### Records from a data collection
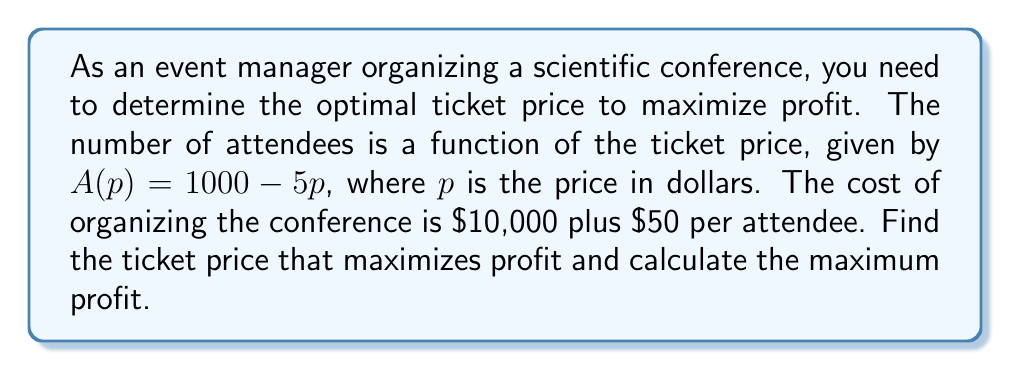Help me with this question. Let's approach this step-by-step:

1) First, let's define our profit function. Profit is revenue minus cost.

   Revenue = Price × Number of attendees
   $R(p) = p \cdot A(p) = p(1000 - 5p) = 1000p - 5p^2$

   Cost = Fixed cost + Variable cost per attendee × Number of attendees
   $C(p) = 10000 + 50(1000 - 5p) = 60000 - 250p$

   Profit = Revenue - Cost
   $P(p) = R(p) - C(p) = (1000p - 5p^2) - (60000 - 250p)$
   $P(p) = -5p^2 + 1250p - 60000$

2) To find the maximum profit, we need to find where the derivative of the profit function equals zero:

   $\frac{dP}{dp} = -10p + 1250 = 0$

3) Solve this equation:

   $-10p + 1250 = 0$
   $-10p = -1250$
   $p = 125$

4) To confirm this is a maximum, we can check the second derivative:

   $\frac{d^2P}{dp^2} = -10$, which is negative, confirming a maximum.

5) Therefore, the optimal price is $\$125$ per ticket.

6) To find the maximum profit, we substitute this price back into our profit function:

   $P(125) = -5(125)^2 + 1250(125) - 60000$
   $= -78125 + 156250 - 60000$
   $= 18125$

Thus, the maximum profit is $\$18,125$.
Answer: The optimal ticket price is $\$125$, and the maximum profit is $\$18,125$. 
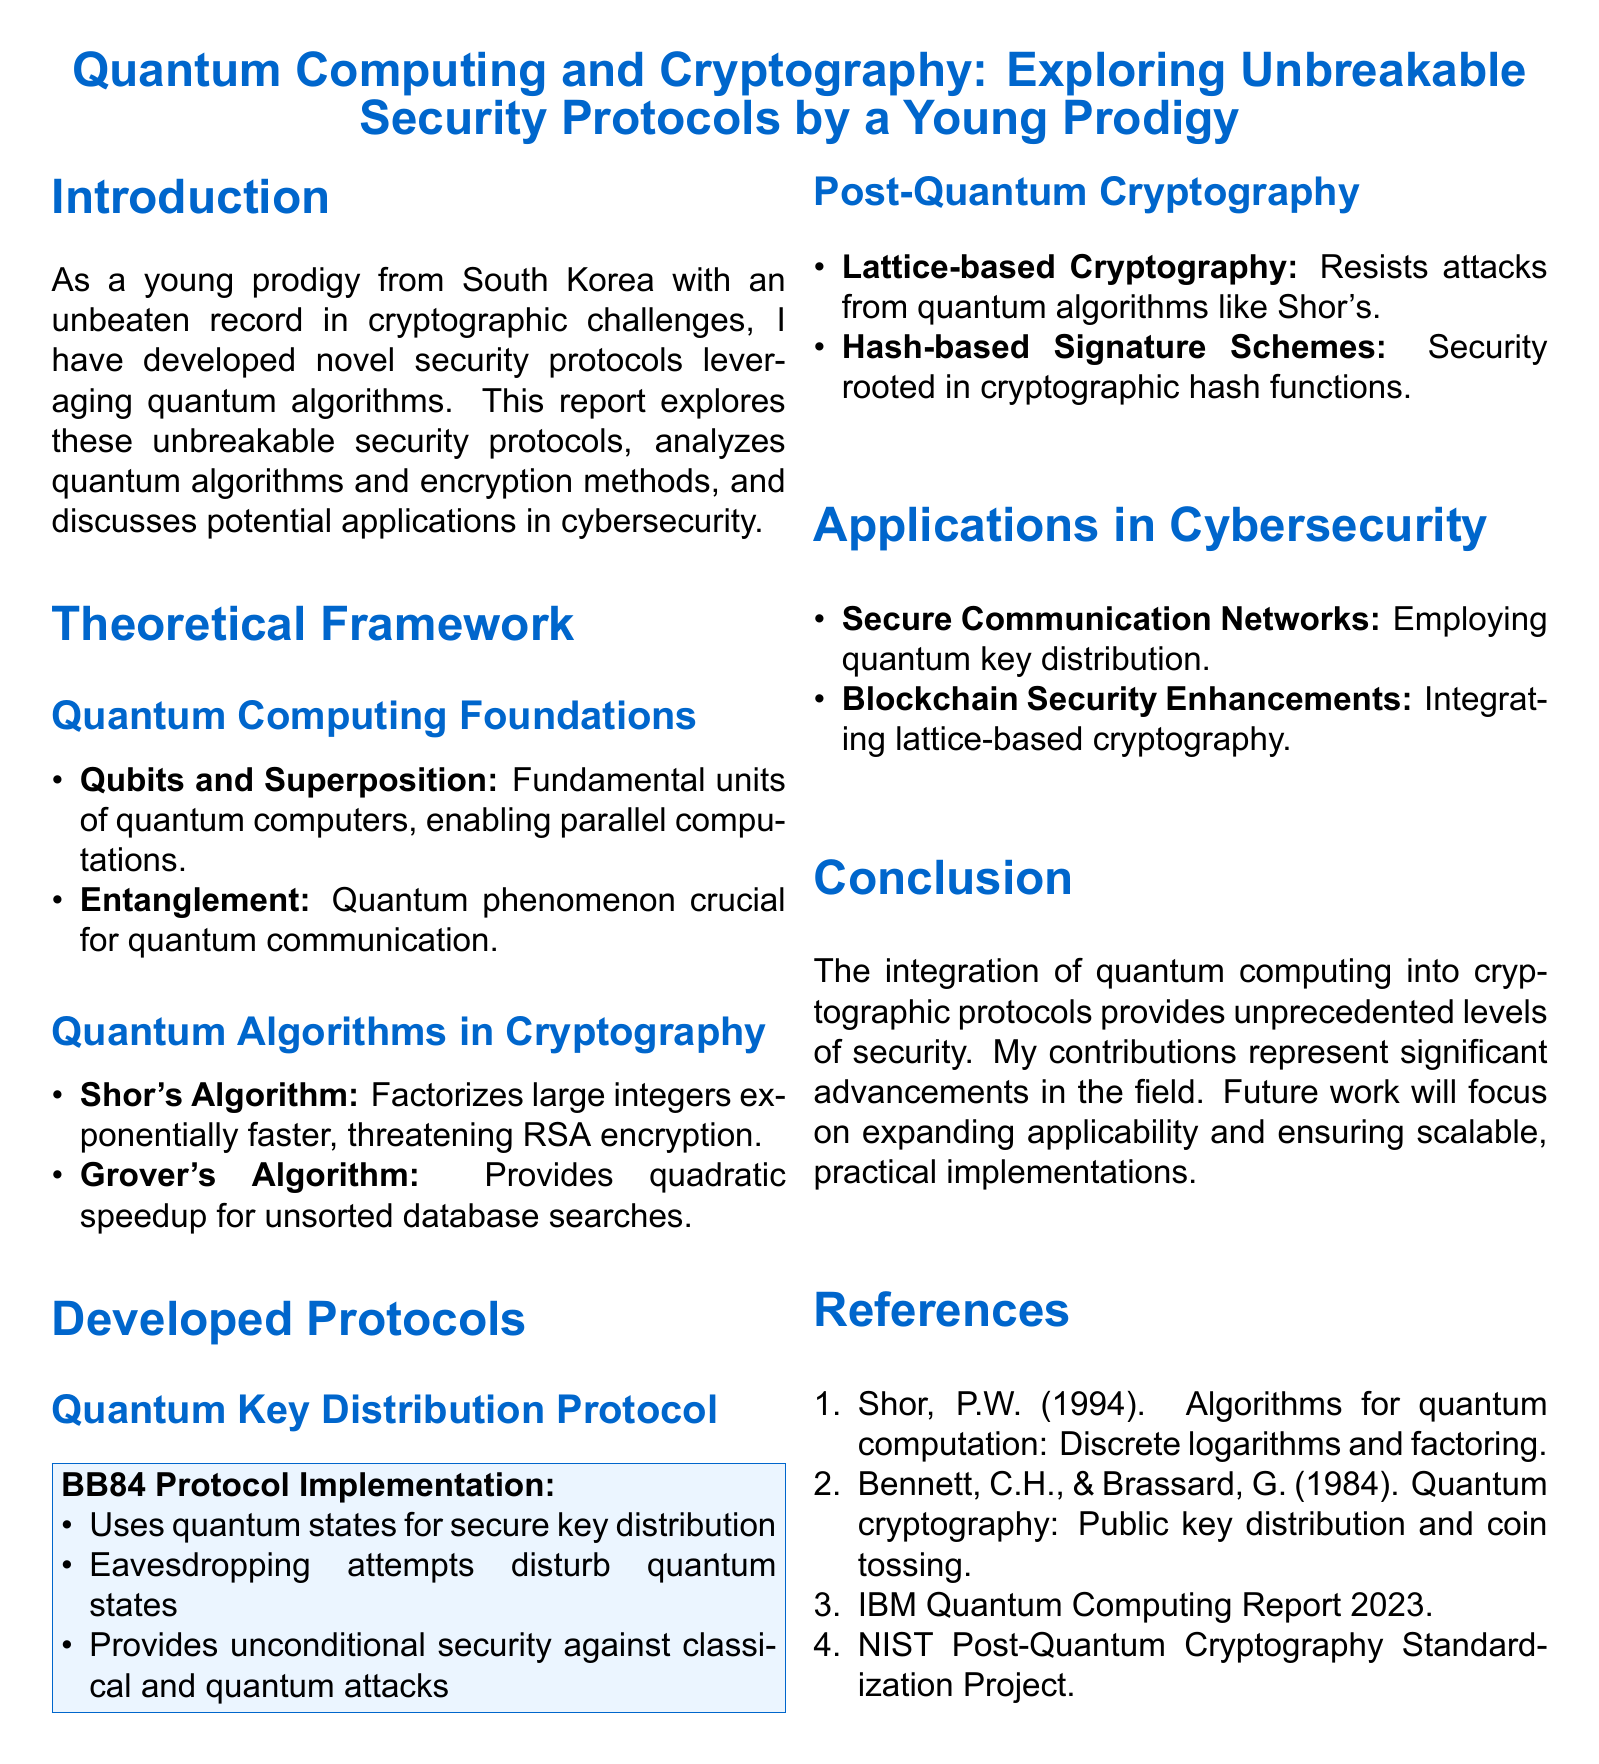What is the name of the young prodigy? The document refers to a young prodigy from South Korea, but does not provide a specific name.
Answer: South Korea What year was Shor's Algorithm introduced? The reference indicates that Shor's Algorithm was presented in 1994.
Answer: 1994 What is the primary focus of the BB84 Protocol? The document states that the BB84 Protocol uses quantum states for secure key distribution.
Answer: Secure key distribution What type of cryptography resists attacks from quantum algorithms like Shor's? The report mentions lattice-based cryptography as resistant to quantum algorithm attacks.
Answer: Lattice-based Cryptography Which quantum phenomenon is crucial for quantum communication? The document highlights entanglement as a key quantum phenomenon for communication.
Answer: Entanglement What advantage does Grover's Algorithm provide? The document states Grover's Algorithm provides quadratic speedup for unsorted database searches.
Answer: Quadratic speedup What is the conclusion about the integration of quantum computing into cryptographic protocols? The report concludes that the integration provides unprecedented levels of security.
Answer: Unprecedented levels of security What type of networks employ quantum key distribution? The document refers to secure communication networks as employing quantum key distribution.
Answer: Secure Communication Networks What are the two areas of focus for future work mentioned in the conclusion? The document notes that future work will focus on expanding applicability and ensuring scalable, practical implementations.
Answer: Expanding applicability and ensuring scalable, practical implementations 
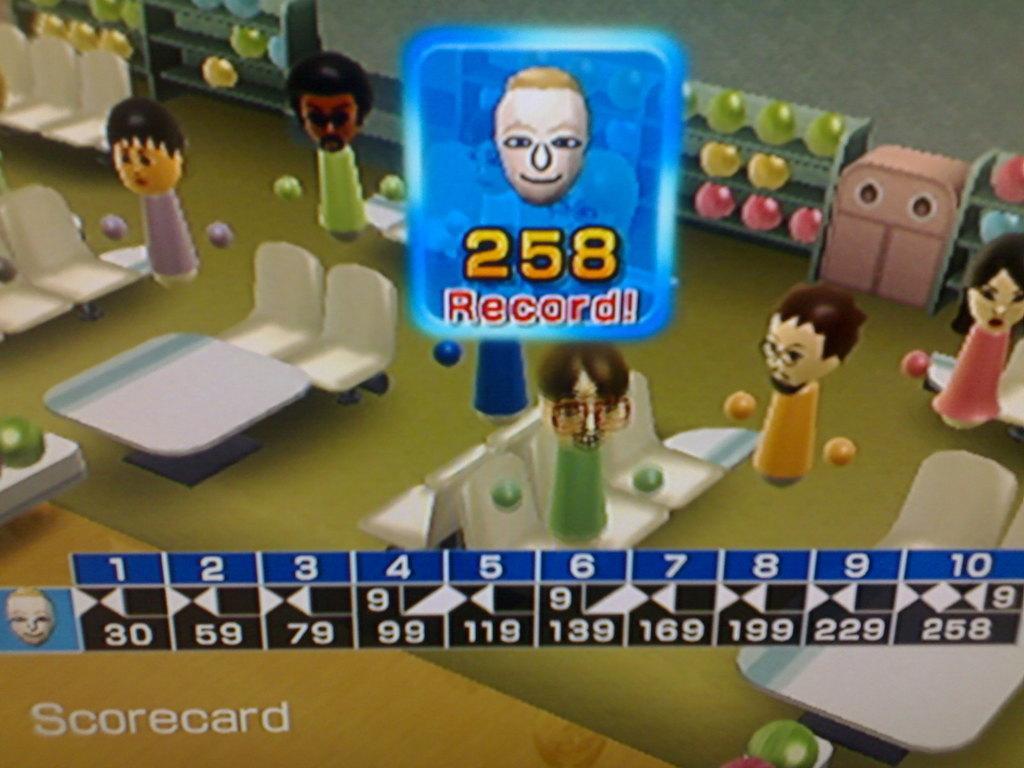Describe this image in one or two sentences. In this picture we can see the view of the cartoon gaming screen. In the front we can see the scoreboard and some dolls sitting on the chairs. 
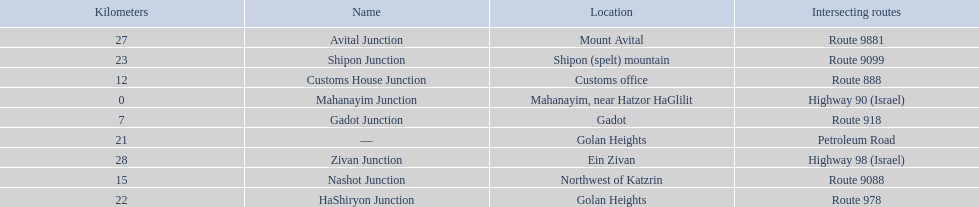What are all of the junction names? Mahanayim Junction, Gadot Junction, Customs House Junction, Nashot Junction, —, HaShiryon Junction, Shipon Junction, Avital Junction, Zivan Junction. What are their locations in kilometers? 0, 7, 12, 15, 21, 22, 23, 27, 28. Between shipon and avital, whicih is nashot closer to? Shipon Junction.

### Work instructions
Give again, word for word, only the lines that run from the top of the data above through the line with "1000p - 5p^2$". Drop the pictures.

### Solution for this problem
Help me with this question. Let's approach this step-by-step:

1) First, let's define our profit function. Profit is revenue minus cost.

   Revenue = Price × Number of attendees
   $R(p) = p \cdot A(p) = p(1000 - 5p) = 1000p - 5p^2$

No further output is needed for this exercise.